With her involvement as a co-captain of the track and field team, a member of Kappa Alpha Theta, Rhythm n Motion, TOPSoccer, Swarthmore African-American Student Society, Orientation Committee, Student-Athlete Advisory Committee, Student Activities Committee, and as a waitress at Paces Café among other things, Ebose has made a name for herself on and off the field. But just as her accomplishments span from the athletic to the academic realm, so does her modesty.

“[Ebose] is very modest about her accomplishments because she has such an incredible drive to always do better,” Nee explained. “So even at a meet, where she sets a personal record or even a school record, if you ask her how she did she’ll just say she did okay because she doesn’t want to brag and she knows she can do better.”

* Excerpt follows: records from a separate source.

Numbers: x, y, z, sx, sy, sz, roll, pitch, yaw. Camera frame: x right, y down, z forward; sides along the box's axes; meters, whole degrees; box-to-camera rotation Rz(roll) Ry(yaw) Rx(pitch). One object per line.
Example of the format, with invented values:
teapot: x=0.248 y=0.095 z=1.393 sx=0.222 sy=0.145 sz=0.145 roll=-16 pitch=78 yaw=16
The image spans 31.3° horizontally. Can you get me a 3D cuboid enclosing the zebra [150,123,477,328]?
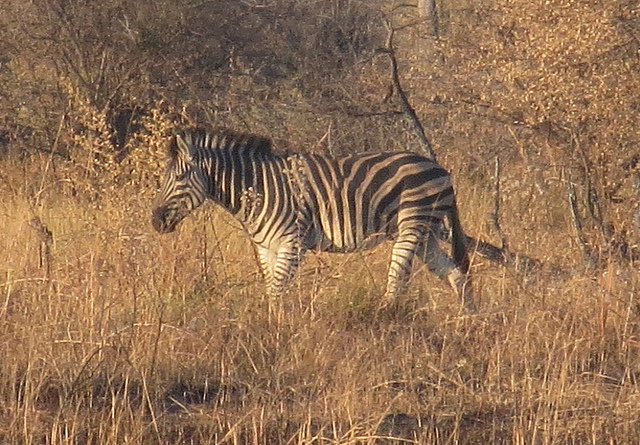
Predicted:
zebra: x=0.081 y=0.137 z=18.193 sx=5.090 sy=3.955 sz=1.473 roll=-6 pitch=19 yaw=-8

When asked what her greatest accomplishment was, Ebose began, “I think I haven’t achieved my greatest accomplishment yet,” and after pausing for a moment, finished with, “but I’m really proud of my team.” By placing an emphasis on the team’s fantastic performance last semester (2nd place at conferences) and attempting to trivialize her own admirable performance, Ebose illustrates her humble personality and incredible conviction to constantly outdo herself and create a lasting legacy.

Ebose’s goals of becoming an All-American athlete and qualifying for nationals seem, given her determination, completely reachable, to say the least. A strong, passionate and highly-involved woman, Ebose and her resolve to succeed serve as an inspiration for the over-achieving Swarthmore student.

So Swatties take note: Ebose may already have 3 records and a boatload of extra-curriculars under her belt, but her incredible amount of persistence can assure you that she’s definitely not done yet.